Больше всего вопросов и претензий у меня к художнику-костюмеру, она не могла другие туфли подобрать для главной героини?!
Каждый раз я зарекаюсь ввязываться в какие-либо авантюры, даю себе слово, что возьмусь за ум и начну жить как все. Но...что-то идёт не так, и авантюры находят меня сами, а я и рада новым приключениям, жить как все — скучно, уныло и однообразно, а ведь жизнь одна, и её хочется прожить на полную катушку, чтобы потом было, что вспомнить, пусть и в финале я понимаю, что в моей жизни наступил полнейший Endец.

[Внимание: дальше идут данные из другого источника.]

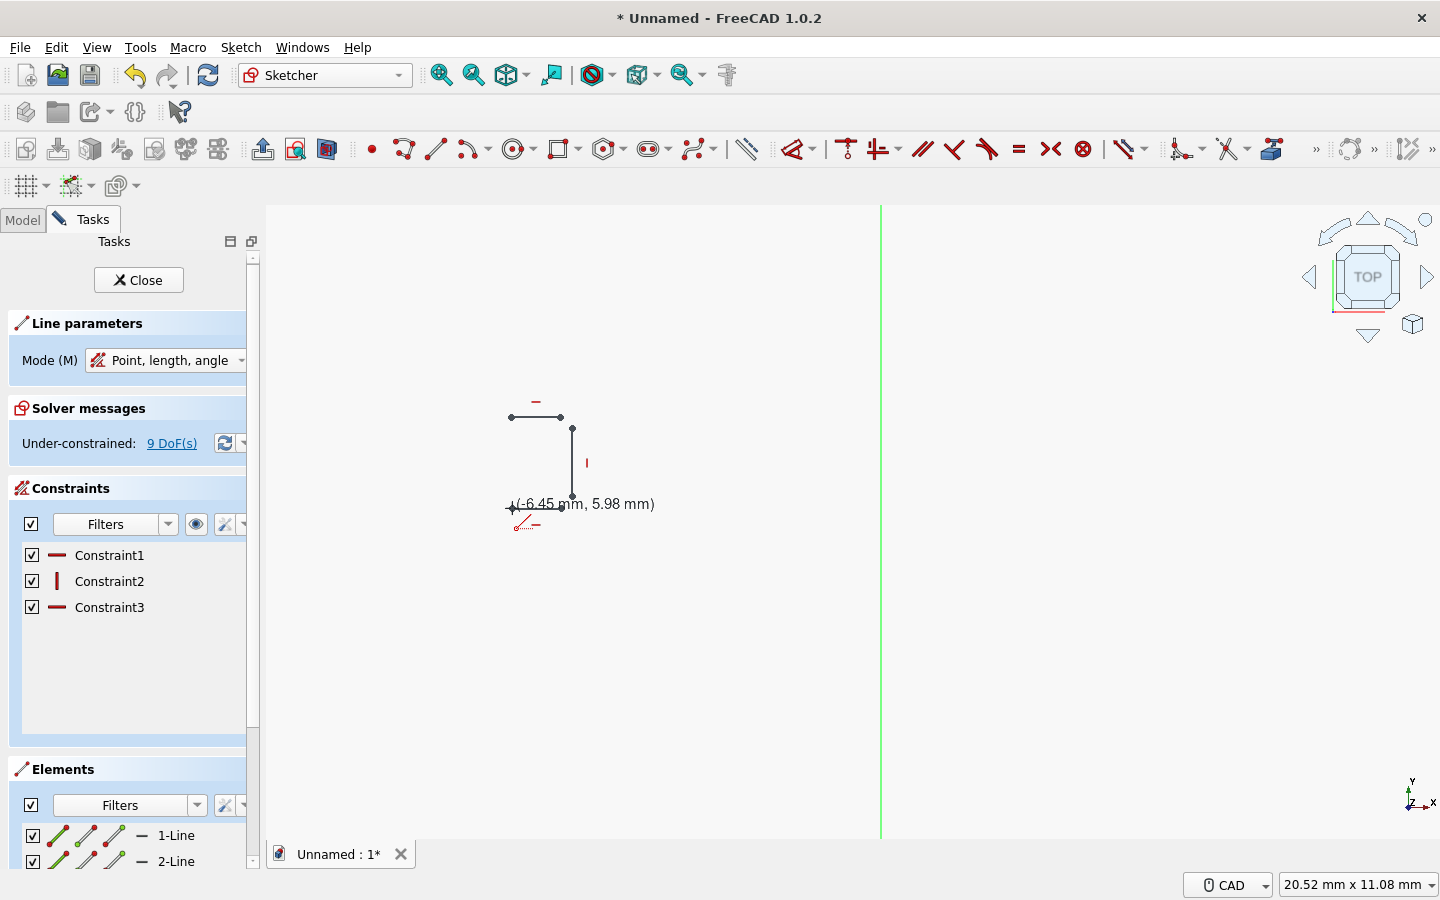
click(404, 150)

За окном давно темно. Я не знаю, сколько уже созерцаю пространство камеры, окутанной вечерними сумерками. На меня наваливается жуткая усталость и давит грузом событий прожитого дня, я роняю голову на обжигающую холодом подушку и успеваю сказать вслух прежде, чем вырублюсь: «На новом месте приснись жених невесте».
Естественно, никакой жених мне не снится...вообще ничего не снится. Я просыпаюсь среди ночи, вся вспотевшая, сердце бешено колотится. Не сразу понимаю, где нахожусь, и что происходит. И лучше бы я и дальше не понимала, от осознания пугающей и угнетающей действительности становится сильно не по себе.
Неужели мои дни сочтены? Я же такая молодая, мне только тридцать четыре года! Вот вспомнила бабка как девкой была. Илона Юрьевна, поделом тебе, будешь знать, как на туфли покушаться, что тебе не по карману. Тут же обхватываю себя руками за плечи и успокаиваю как маленькую. Илоночка, детка, ты ни в чём не виновата, это всё злая тётя Ирма Хорькина. Детка. Как же остро хочется, чтобы появился Аркадьевич, посадил меня себе на колени, погладил по голове и нежно сказал: «Детка, всё позади, я с тобой, добро победило зло, справедливость восторжествовала, а как же иначе?». Представив сильного и уверенного шефа, который снова меня спасает и утешает, я начинаю тихонько всхлипывать и забываюсь сном. Просыпаюсь, когда свет озаряет камеру, а откуда-то за дверью доносится грохот и недовольный крик: «Завтрак». В двери камеры открывается маленькая дверца или окошко, и мне протягивают сначала металлическую тарелку с некоей кашей, а затем кусок бело-серого хлеба, и бурчат, отходя: «Помой потом, придём, заберём».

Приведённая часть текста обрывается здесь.